- [Task requirements]:
Work out how many lines of the records contain "Return". Answer with the number and nothing else.
━━━━━ Record extracts
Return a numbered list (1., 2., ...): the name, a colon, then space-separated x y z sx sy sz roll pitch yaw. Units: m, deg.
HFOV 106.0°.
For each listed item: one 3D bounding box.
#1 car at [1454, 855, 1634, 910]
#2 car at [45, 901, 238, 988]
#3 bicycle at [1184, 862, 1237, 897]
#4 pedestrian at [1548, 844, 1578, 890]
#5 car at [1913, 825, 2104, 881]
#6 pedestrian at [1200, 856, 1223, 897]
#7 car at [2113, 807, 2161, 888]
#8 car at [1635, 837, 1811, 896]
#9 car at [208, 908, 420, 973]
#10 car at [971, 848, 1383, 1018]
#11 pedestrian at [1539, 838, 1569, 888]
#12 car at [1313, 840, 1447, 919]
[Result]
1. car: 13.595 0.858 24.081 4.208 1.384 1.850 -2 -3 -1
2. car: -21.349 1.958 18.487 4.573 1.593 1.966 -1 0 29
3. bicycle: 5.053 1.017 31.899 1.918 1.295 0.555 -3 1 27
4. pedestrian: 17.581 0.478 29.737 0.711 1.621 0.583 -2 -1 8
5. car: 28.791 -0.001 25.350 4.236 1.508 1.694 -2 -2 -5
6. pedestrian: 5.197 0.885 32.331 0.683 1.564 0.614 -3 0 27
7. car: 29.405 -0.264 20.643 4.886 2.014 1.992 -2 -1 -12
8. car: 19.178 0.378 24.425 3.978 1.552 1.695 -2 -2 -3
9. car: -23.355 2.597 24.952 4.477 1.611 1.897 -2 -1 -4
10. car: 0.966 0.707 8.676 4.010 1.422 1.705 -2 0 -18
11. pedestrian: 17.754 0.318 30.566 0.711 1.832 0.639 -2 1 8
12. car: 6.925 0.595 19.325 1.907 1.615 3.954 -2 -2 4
━━━━━━━━━━
━━━━━ Record extracts
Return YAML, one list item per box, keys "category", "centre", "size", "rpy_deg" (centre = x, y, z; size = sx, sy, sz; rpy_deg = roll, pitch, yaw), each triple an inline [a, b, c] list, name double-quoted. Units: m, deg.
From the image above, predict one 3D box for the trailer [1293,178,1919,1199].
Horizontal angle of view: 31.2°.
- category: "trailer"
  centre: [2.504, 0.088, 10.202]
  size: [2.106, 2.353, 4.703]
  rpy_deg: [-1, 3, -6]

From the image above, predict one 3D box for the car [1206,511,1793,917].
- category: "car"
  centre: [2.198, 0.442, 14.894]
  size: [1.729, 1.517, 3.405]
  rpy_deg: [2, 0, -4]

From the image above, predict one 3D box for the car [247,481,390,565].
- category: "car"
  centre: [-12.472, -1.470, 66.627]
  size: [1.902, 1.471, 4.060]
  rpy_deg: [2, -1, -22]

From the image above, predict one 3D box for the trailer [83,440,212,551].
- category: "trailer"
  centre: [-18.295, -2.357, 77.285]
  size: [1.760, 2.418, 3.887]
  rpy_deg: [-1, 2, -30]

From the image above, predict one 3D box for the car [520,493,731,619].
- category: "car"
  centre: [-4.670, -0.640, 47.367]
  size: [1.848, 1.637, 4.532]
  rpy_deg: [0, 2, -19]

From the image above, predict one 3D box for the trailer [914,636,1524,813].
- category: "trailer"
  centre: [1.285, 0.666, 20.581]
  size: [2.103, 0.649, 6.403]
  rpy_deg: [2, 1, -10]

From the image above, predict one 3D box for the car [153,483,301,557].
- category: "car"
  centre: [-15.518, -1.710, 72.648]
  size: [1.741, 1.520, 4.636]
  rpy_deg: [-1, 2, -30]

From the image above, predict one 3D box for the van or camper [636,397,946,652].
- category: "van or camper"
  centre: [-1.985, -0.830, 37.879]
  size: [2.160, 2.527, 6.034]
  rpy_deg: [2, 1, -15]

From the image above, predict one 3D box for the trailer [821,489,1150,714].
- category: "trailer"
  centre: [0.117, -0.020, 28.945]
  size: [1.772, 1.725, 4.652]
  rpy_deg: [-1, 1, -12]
━━━━━━━━━━
- [Your solution]:
2